Write f(x)=x^4-12x^3+59x^2-138x+130 as a product of linear factors.

I listed the factors of 130 and used synthetic division, but none of the remainders came out to be 0. I graphed the function, but the function doesn't pass through the x-axis. I figured I could find the zeros and work out the problem that way, but obviously it didn't work. Does the function have imagenary numbers when factored? I'm stumped on this problem, so if any of you could help me by showing the answer and by providing the steps the took to obtain that answer, I'd really appreciate it! Thanks!

True, it takes a lot of time to eliminate the possibilities. There are indeed two factors, both quadratic.

You have correctly concluded that there are no linear factors.

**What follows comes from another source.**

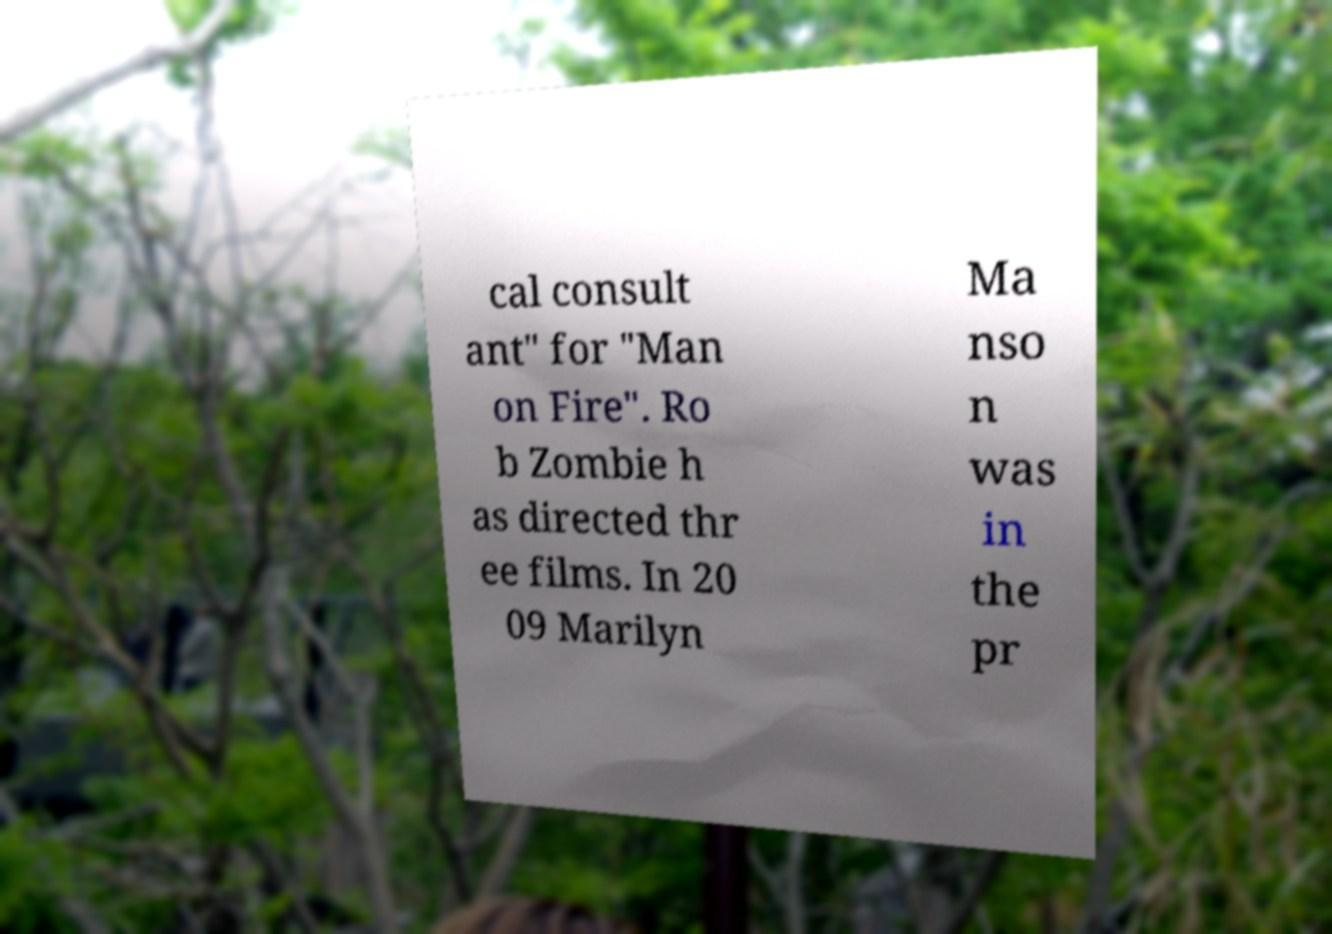Could you extract and type out the text from this image? cal consult ant" for "Man on Fire". Ro b Zombie h as directed thr ee films. In 20 09 Marilyn Ma nso n was in the pr

As in the linear factors, the constant terms of the factors should multiply to 130, which does not give many combinations, namely
1*130
2*65
5*26
10*13
and vice-versa.

Another fact you could use is that the sum of the coefficients in x = -12, since they are required in forming the x³ term , whose coefficient is -12.

You have also correctly concluded that there are no real roots, since the function does not cut the x-axis.

If you need more hints, post.

To factor the polynomial f(x) = x^4 - 12x^3 + 59x^2 - 138x + 130, we need to find its roots.

First, let's check if there are any rational roots using the rational root theorem. The rational root theorem states that any rational root of the form p/q (where p is a factor of the constant term and q is a factor of the leading coefficient) will be a possible root of the polynomial equation.

The constant term of our polynomial is 130, and the leading coefficient is 1. The factors of 130 are ±1, ±2, ±5, ±10, ±13, ±26, ±65, ±130.

Using synthetic division or plugging in the possible roots into the equation, we can test which ones give a remainder of 0.

However, in this case, as you've already tried, there are no rational roots that give a remainder of 0. So, we can conclude that the polynomial does not have any rational roots.

But that doesn't mean that the polynomial cannot be factored. In fact, it can be factored into a product of two quadratic factors.

To proceed, we can use methods like factoring by grouping or a numerical approach to find the quadratic factors. One way to do this is by using a computer algebra system or a graphing calculator that can find the roots numerically.

Using a computer algebra system or graphing calculator, we find that the roots of this polynomial are approximately x ≈ 2.238, x ≈ 2.859, x ≈ 5.788, and x ≈ 5.114. These values may be irrational or complex.

Therefore, we can factor the polynomial f(x) into linear and quadratic factors as:

f(x) = (x - 2.238)(x - 2.859)(x - 5.788)(x - 5.114)

These four factors represent the roots of the polynomial, which are either real or complex.